─── Exercise data

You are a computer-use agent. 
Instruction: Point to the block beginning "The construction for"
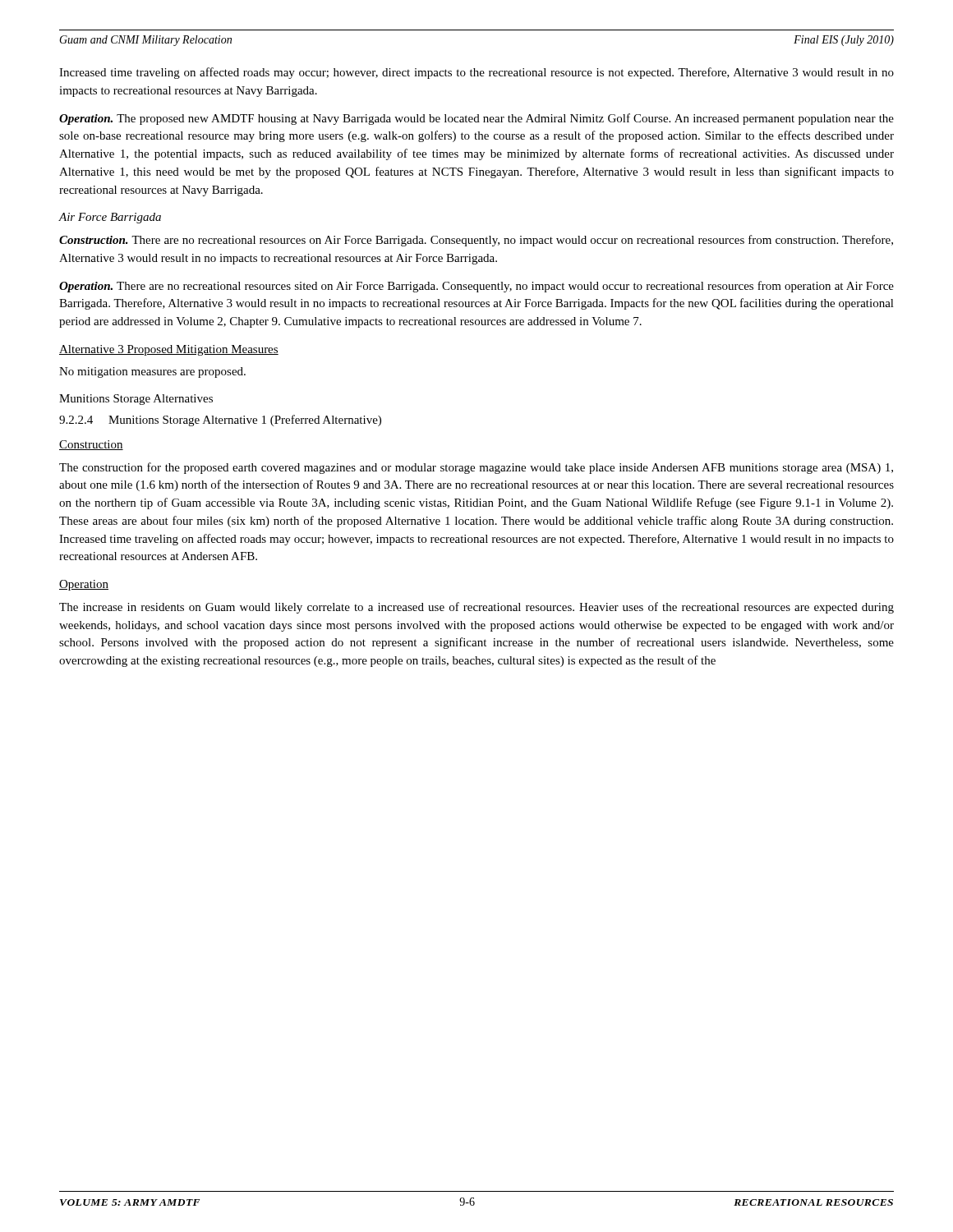coord(476,512)
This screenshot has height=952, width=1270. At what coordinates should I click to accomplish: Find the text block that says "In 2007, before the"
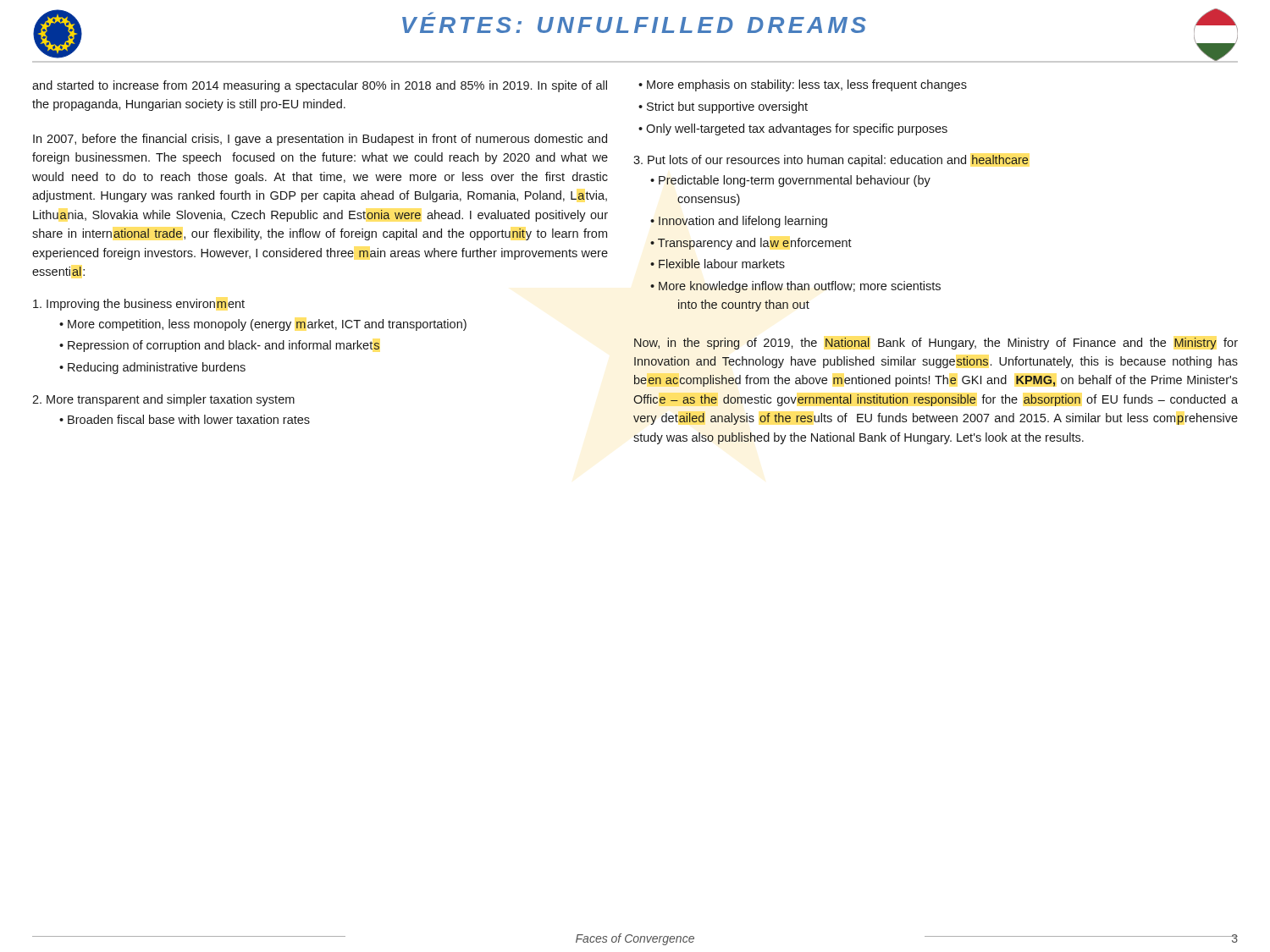point(320,205)
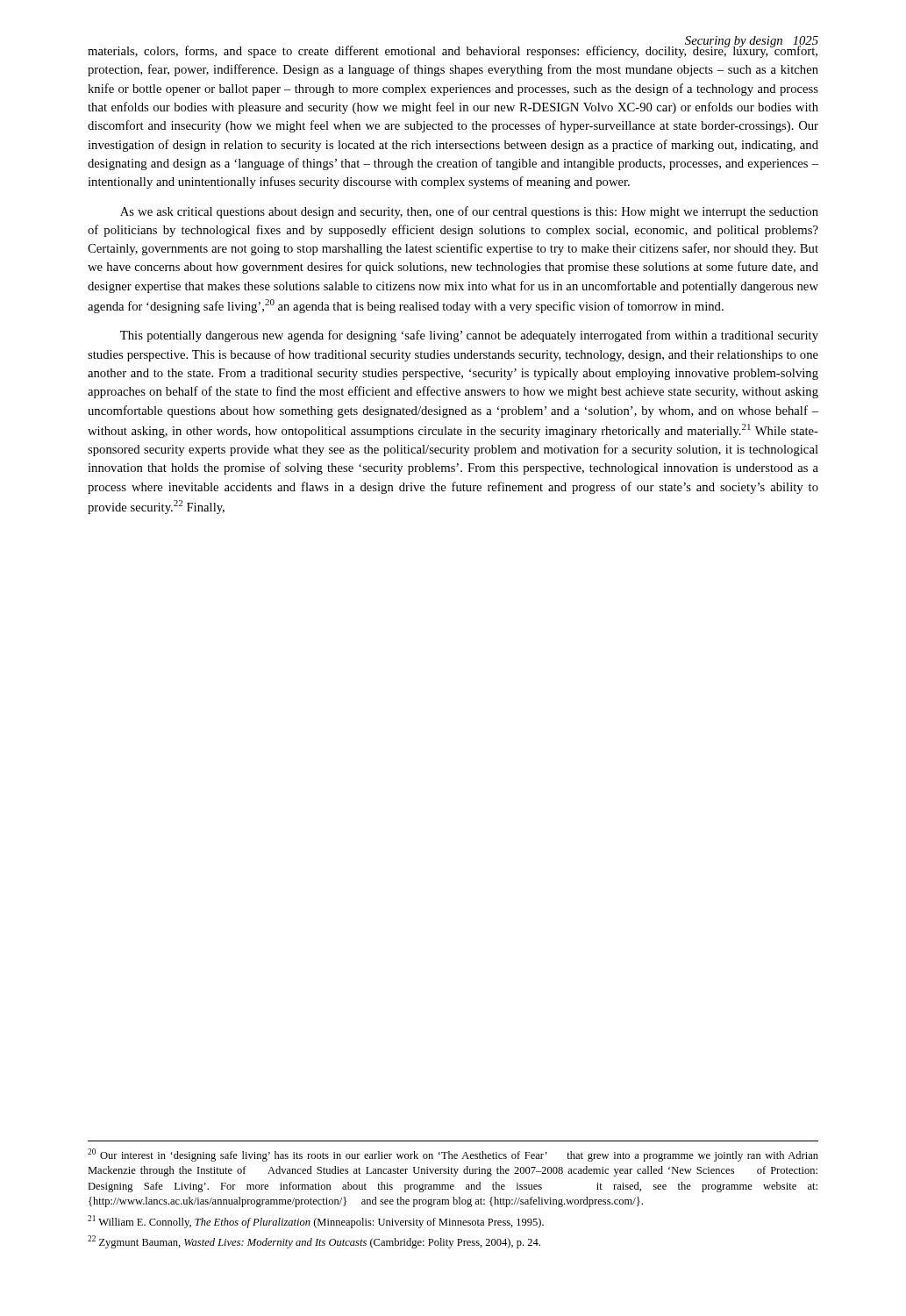This screenshot has height=1316, width=906.
Task: Select the footnote that reads "20 Our interest in ‘designing safe living’ has"
Action: [453, 1177]

──────

Action item:
Leaving out all pictures, print exactly the lines above from the one containing "Instruction: Point to" through the last line of the entries.

Solution:
Instruction: Point to the block beginning "The construction for"
coord(476,512)
This screenshot has height=952, width=1270. At what coordinates should I click to accomplish: Find the text block that says "In 2007, before the"
point(320,205)
This screenshot has height=1316, width=906.
Task: Select the footnote that reads "20 Our interest in ‘designing safe living’ has"
Action: [453, 1177]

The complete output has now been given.